161. One Edit Distance

题目：

Given two strings S and T, determine if they are both one edit distance apart.

链接： http://leetcode.com/problems/one-edit-distance/

题解：

求两个字符串是否只有1个Edit Distance。 看着这道题又想起了Edit Distance那道。不过这道题不需要用DP，只用设一个boolean变量hasEdited来逐字符判断就可以了。写法大都借鉴了曹神的代码。用短的string和长的比较，假如字符不同，则hasEdited为true，假如s比t短，则下标i退回1来继续比较insert / delete的case。

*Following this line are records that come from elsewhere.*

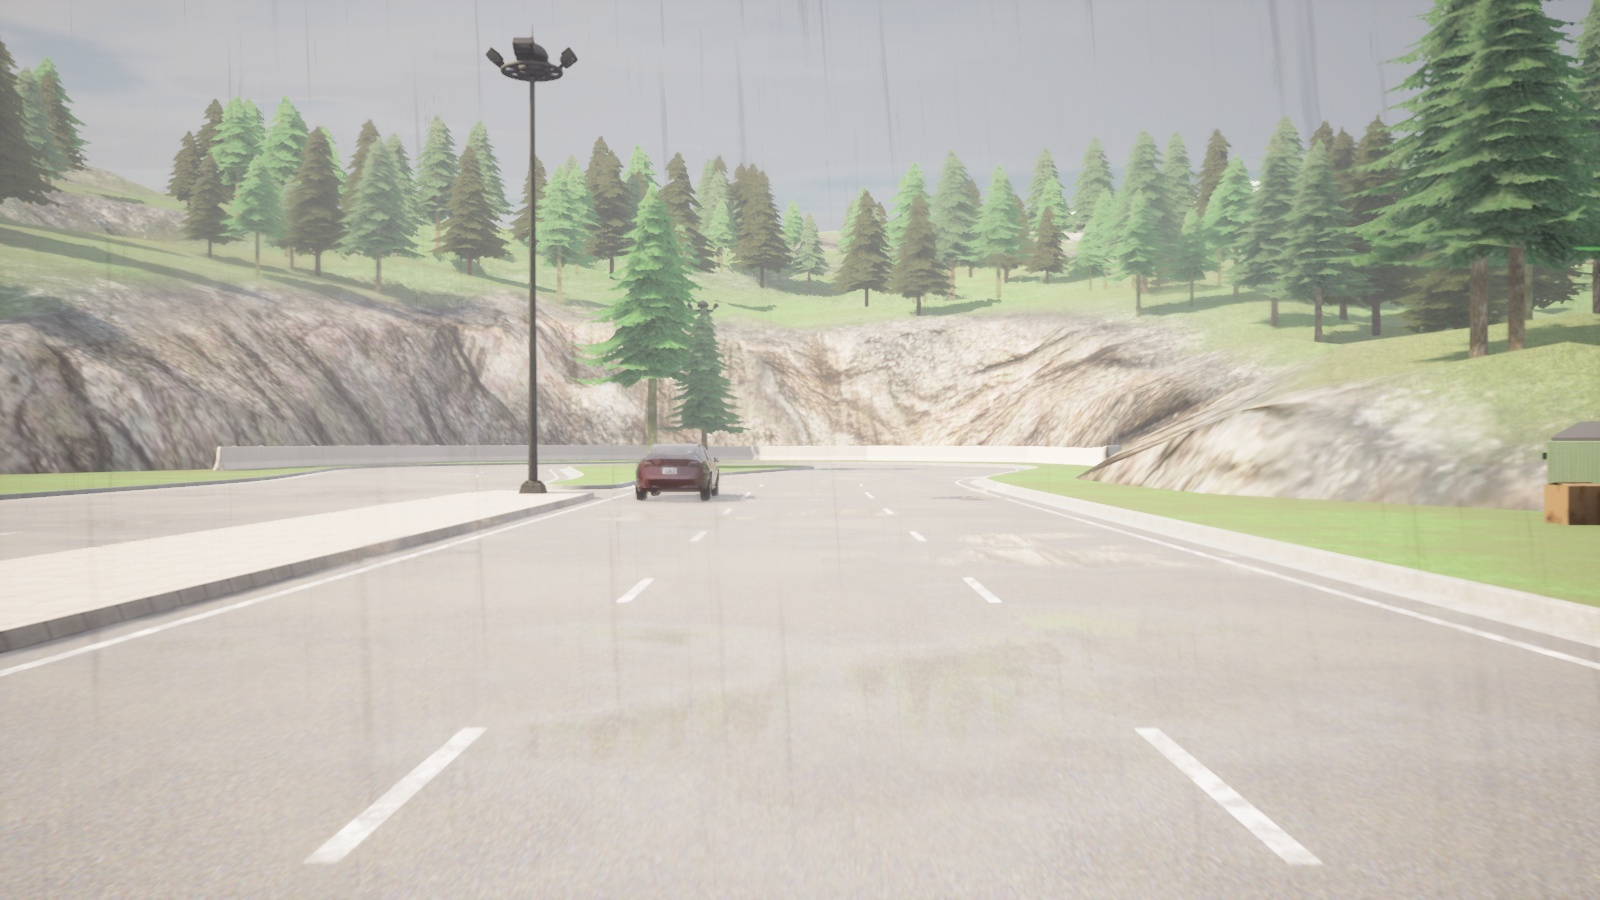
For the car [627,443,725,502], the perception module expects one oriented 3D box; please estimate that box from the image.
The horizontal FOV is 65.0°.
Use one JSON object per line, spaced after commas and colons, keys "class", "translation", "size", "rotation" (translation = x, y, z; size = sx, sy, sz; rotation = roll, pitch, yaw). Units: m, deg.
{"class": "car", "translation": [-3.288, 0.551, 34.194], "size": [2.163, 1.488, 4.792], "rotation": [0, 0, 0]}
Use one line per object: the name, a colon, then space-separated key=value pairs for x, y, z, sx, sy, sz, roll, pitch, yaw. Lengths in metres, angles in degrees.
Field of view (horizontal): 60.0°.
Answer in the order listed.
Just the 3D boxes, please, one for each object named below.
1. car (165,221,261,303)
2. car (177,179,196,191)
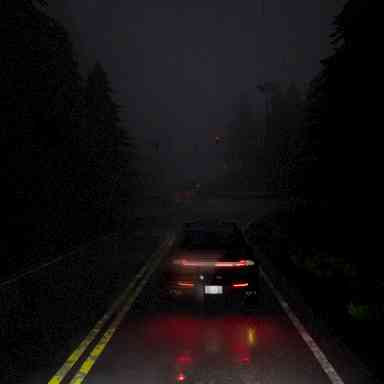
car: x=0.448 y=1.466 z=8.170 sx=2.128 sy=1.511 sz=4.902 roll=0 pitch=0 yaw=2
car: x=-0.699 y=-1.071 z=45.216 sx=1.812 sy=1.442 sz=4.674 roll=1 pitch=9 yaw=14
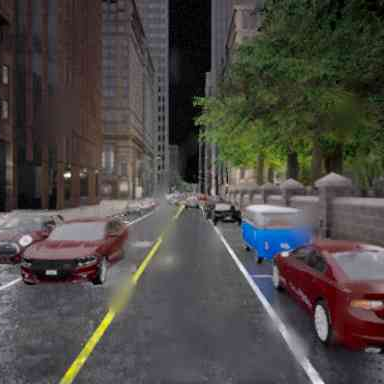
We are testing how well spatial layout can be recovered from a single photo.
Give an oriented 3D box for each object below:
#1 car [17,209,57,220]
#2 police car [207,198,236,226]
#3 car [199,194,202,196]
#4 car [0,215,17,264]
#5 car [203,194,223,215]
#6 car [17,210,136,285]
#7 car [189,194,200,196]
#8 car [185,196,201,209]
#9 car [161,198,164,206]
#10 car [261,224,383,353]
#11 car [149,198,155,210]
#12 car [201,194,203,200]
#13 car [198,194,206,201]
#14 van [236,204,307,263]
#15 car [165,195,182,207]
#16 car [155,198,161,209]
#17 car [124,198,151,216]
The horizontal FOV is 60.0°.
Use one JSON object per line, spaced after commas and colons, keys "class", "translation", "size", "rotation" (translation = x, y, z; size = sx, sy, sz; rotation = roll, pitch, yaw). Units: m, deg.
{"class": "car", "translation": [-5.763, 1.480, 11.770], "size": [1.967, 1.590, 4.097], "rotation": [0, 0, 0]}
{"class": "police car", "translation": [2.366, 1.492, 24.211], "size": [1.930, 1.638, 5.238], "rotation": [0, 0, 0]}
{"class": "car", "translation": [2.760, 1.466, 88.071], "size": [2.192, 1.841, 5.009], "rotation": [0, 0, 0]}
{"class": "car", "translation": [-5.764, 1.339, 6.247], "size": [2.192, 1.841, 5.009], "rotation": [0, 0, 0]}
{"class": "car", "translation": [2.763, 1.409, 39.402], "size": [2.192, 1.841, 5.009], "rotation": [0, 0, 0]}
{"class": "car", "translation": [-3.101, 1.512, 9.835], "size": [1.882, 1.535, 5.008], "rotation": [0, 0, 0]}
{"class": "car", "translation": [-0.001, 1.588, 57.887], "size": [1.882, 1.535, 5.008], "rotation": [0, 0, 0]}
{"class": "car", "translation": [0.040, 1.667, 47.123], "size": [1.994, 1.385, 4.181], "rotation": [0, 0, 0]}
{"class": "car", "translation": [-5.764, 1.675, 55.963], "size": [1.947, 1.339, 4.313], "rotation": [0, 0, 0]}
{"class": "car", "translation": [2.762, 1.569, 6.256], "size": [1.887, 1.381, 4.507], "rotation": [0, 0, 0]}
{"class": "car", "translation": [-5.763, 1.619, 39.221], "size": [1.752, 1.417, 4.829], "rotation": [0, 0, 0]}
{"class": "car", "translation": [2.763, 1.415, 44.927], "size": [2.192, 1.841, 5.009], "rotation": [0, 0, 0]}
{"class": "car", "translation": [2.760, 1.477, 93.512], "size": [2.192, 1.841, 5.009], "rotation": [0, 0, 0]}
{"class": "van", "translation": [2.762, 1.380, 11.780], "size": [1.690, 1.788, 3.998], "rotation": [0, 0, 0]}
{"class": "car", "translation": [-3.052, 1.612, 53.552], "size": [1.837, 1.490, 4.892], "rotation": [0, 0, 0]}
{"class": "car", "translation": [-5.763, 1.541, 44.916], "size": [1.967, 1.590, 4.097], "rotation": [0, 0, 0]}
{"class": "car", "translation": [-5.764, 1.637, 33.867], "size": [2.008, 1.369, 4.403], "rotation": [0, 0, 0]}
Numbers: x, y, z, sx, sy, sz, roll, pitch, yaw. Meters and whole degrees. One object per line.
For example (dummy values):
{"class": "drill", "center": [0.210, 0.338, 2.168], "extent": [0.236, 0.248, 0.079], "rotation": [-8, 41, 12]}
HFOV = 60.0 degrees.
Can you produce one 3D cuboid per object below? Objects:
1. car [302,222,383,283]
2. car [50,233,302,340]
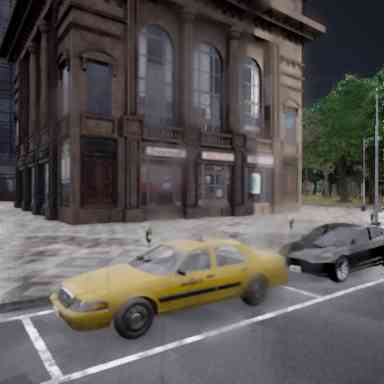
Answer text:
{"class": "car", "center": [4.432, 1.602, 9.805], "extent": [4.313, 1.339, 1.947], "rotation": [0, 0, -35]}
{"class": "car", "center": [-0.134, 1.539, 6.552], "extent": [4.829, 1.417, 1.752], "rotation": [0, 0, -35]}
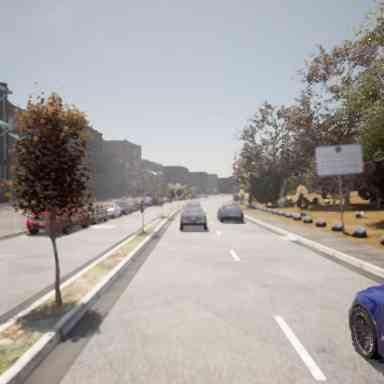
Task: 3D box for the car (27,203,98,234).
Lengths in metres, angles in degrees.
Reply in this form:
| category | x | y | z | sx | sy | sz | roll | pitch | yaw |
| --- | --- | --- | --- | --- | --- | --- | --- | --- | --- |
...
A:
| category | x | y | z | sx | sy | sz | roll | pitch | yaw |
| --- | --- | --- | --- | --- | --- | --- | --- | --- | --- |
| car | -8.028 | 1.392 | 20.684 | 2.435 | 2.045 | 5.566 | 0 | 0 | 0 |

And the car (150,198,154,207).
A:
| category | x | y | z | sx | sy | sz | roll | pitch | yaw |
| --- | --- | --- | --- | --- | --- | --- | --- | --- | --- |
| car | -7.815 | 1.829 | 59.442 | 2.097 | 1.535 | 5.008 | 0 | 0 | 1 |

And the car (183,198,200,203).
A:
| category | x | y | z | sx | sy | sz | roll | pitch | yaw |
| --- | --- | --- | --- | --- | --- | --- | --- | --- | --- |
| car | 0.237 | 1.833 | 41.743 | 2.033 | 1.411 | 5.357 | 0 | 0 | 1 |

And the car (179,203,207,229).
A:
| category | x | y | z | sx | sy | sz | roll | pitch | yaw |
| --- | --- | --- | --- | --- | --- | --- | --- | --- | --- |
| car | 0.097 | 1.722 | 22.953 | 2.033 | 1.411 | 5.357 | 0 | 0 | 0 |

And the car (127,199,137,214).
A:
| category | x | y | z | sx | sy | sz | roll | pitch | yaw |
| --- | --- | --- | --- | --- | --- | --- | --- | --- | --- |
| car | -7.937 | 1.768 | 37.322 | 2.163 | 1.488 | 4.792 | 0 | 0 | 0 |

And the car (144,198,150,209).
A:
| category | x | y | z | sx | sy | sz | roll | pitch | yaw |
| --- | --- | --- | --- | --- | --- | --- | --- | --- | --- |
| car | -7.876 | 1.790 | 48.450 | 2.231 | 1.521 | 4.892 | 0 | 0 | 0 |

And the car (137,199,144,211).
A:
| category | x | y | z | sx | sy | sz | roll | pitch | yaw |
| --- | --- | --- | --- | --- | --- | --- | --- | --- | --- |
| car | -7.907 | 1.805 | 42.899 | 2.002 | 1.452 | 4.674 | 0 | 0 | 0 |

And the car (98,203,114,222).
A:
| category | x | y | z | sx | sy | sz | roll | pitch | yaw |
| --- | --- | --- | --- | --- | --- | --- | --- | --- | --- |
| car | -7.997 | 1.708 | 26.227 | 2.163 | 1.488 | 4.792 | 0 | 0 | 0 |

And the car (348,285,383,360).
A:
| category | x | y | z | sx | sy | sz | roll | pitch | yaw |
| --- | --- | --- | --- | --- | --- | --- | --- | --- | --- |
| car | 3.250 | 1.552 | 3.056 | 1.812 | 1.442 | 4.674 | 0 | 0 | 0 |

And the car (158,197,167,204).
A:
| category | x | y | z | sx | sy | sz | roll | pitch | yaw |
| --- | --- | --- | --- | --- | --- | --- | --- | --- | --- |
| car | -7.166 | 1.864 | 76.067 | 1.946 | 1.575 | 5.366 | 0 | 0 | 5 |

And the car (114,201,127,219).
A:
| category | x | y | z | sx | sy | sz | roll | pitch | yaw |
| --- | --- | --- | --- | --- | --- | --- | --- | --- | --- |
| car | -7.968 | 1.750 | 31.806 | 2.002 | 1.452 | 4.674 | 0 | 0 | 0 |

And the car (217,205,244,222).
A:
| category | x | y | z | sx | sy | sz | roll | pitch | yaw |
| --- | --- | --- | --- | --- | --- | --- | --- | --- | --- |
| car | 3.251 | 1.775 | 28.641 | 1.994 | 1.385 | 4.181 | 0 | 0 | 0 |

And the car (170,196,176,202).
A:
| category | x | y | z | sx | sy | sz | roll | pitch | yaw |
| --- | --- | --- | --- | --- | --- | --- | --- | --- | --- |
| car | -6.204 | 1.884 | 87.043 | 1.946 | 1.575 | 5.366 | 0 | 0 | 7 |
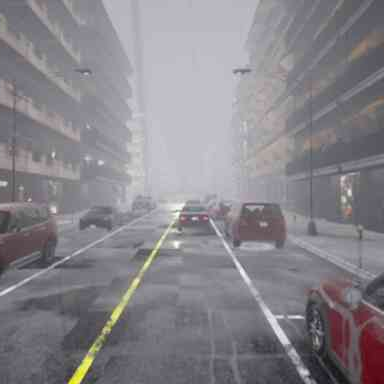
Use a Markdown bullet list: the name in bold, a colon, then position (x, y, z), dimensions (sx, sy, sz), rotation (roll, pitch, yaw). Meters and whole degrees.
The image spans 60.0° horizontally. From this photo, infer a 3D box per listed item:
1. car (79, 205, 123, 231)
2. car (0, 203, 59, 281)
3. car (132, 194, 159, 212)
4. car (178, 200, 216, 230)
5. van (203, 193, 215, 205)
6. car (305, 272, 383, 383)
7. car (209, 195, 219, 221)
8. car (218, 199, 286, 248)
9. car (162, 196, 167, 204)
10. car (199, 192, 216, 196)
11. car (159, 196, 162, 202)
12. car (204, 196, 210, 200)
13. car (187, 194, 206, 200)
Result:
- **car**: position (-5.280, 1.459, 19.905), dimensions (1.947, 1.339, 4.313), rotation (1, 0, 0)
- **car**: position (-5.283, 1.265, 8.841), dimensions (2.192, 1.841, 5.009), rotation (1, 0, 0)
- **car**: position (-5.259, 1.137, 36.493), dimensions (2.192, 1.841, 5.009), rotation (1, 0, 0)
- **car**: position (0.120, 1.439, 19.997), dimensions (2.033, 1.411, 5.357), rotation (0, 0, 0)
- **van**: position (2.601, 1.110, 53.026), dimensions (1.690, 1.788, 3.998), rotation (1, 0, 0)
- **car**: position (2.596, 1.421, 3.244), dimensions (1.967, 1.590, 4.097), rotation (1, 0, 0)
- **car**: position (2.574, 1.308, 25.369), dimensions (1.967, 1.590, 4.097), rotation (1, 0, 0)
- **car**: position (2.567, 1.235, 14.305), dimensions (2.192, 1.841, 5.009), rotation (1, 0, 0)
- **car**: position (-5.245, 1.337, 58.620), dimensions (1.802, 1.307, 4.206), rotation (1, 0, 0)
- **car**: position (2.597, 1.100, 47.494), dimensions (2.192, 1.841, 5.009), rotation (1, 0, 0)
- **car**: position (-5.259, 1.347, 42.026), dimensions (1.887, 1.381, 4.507), rotation (1, 0, 0)
- **car**: position (2.582, 1.404, 36.432), dimensions (1.802, 1.307, 4.206), rotation (1, 0, 0)
- **car**: position (0.138, 1.306, 38.548), dimensions (2.128, 1.511, 4.902), rotation (0, 0, 0)

否则比较的是replace。

Time Complexity - O(n)， Space Complexity - O(1)。

public class Solution {
    public boolean isOneEditDistance(String s, String t) {  // compare short string with long string
        if(s == null || t == null)
            return false;
        if(s.length() > t.length())
            return isOneEditDistance(t, s);
        if(t.length() - s.length() > 1)
            return false;
        boolean hasEdited = false;
        
        for(int i = 0, j = 0; i < s.length(); i++, j++) {           // detect if only 1 change need to be made
            if(s.charAt(i) != t.charAt(j)) {
                if(hasEdited)
                    return false;
                hasEdited = true;
                if(s.length() < t.length())                         //if s.length() < t.length(), back up one letter and continue compare
                    i--;
            }
        }
        
      return hasEdited || (s.length() < t.length());    // (s.length() < t.length()) for insert case or delete case
    }
}

 

Update:

把s.equals(t)的相等判断从尾部挪到头部了，这样尾部直接return true就可以了

public class Solution {
    public boolean isOneEditDistance(String s, String t) {
        if(s == null || t == null || s.equals(t)) 
            return false;
        if(s.length() > t.length())
            return isOneEditDistance(t, s);
        if(t.length() - s.length() > 1)
            return false;
        
        boolean hasEdited = false;
        
        for(int i = 0, j = 0; i < s.length(); i++, j++) {
            if(s.charAt(i) != t.charAt(j)) {
                if(hasEdited)
                    return false;
                hasEdited = true;
                if(s.length() < t.length())
                    i--;
            }
        }
        
        return true;
    }
}

 

二刷:

依然是曹神的解法。

Java:

Time Complexity - O(n)， Space Complexity - O(1)。

public class Solution {
    public boolean isOneEditDistance(String s, String t) {
        if (s == null || t == null || s.equals(t) || Math.abs(s.length() - t.length()) > 1) return false;
        if (s.length() > t.length()) return isOneEditDistance(t, s);
        boolean hasDiff = false;
        for (int i = 0, j = 0; i < s.length(); i++, j++) {
            if (s.charAt(i) != t.charAt(j)) {
                if (hasDiff) return false;
                hasDiff = true;
                if (s.length() < t.length()) i--;
            }
        }
        return true;
    }
}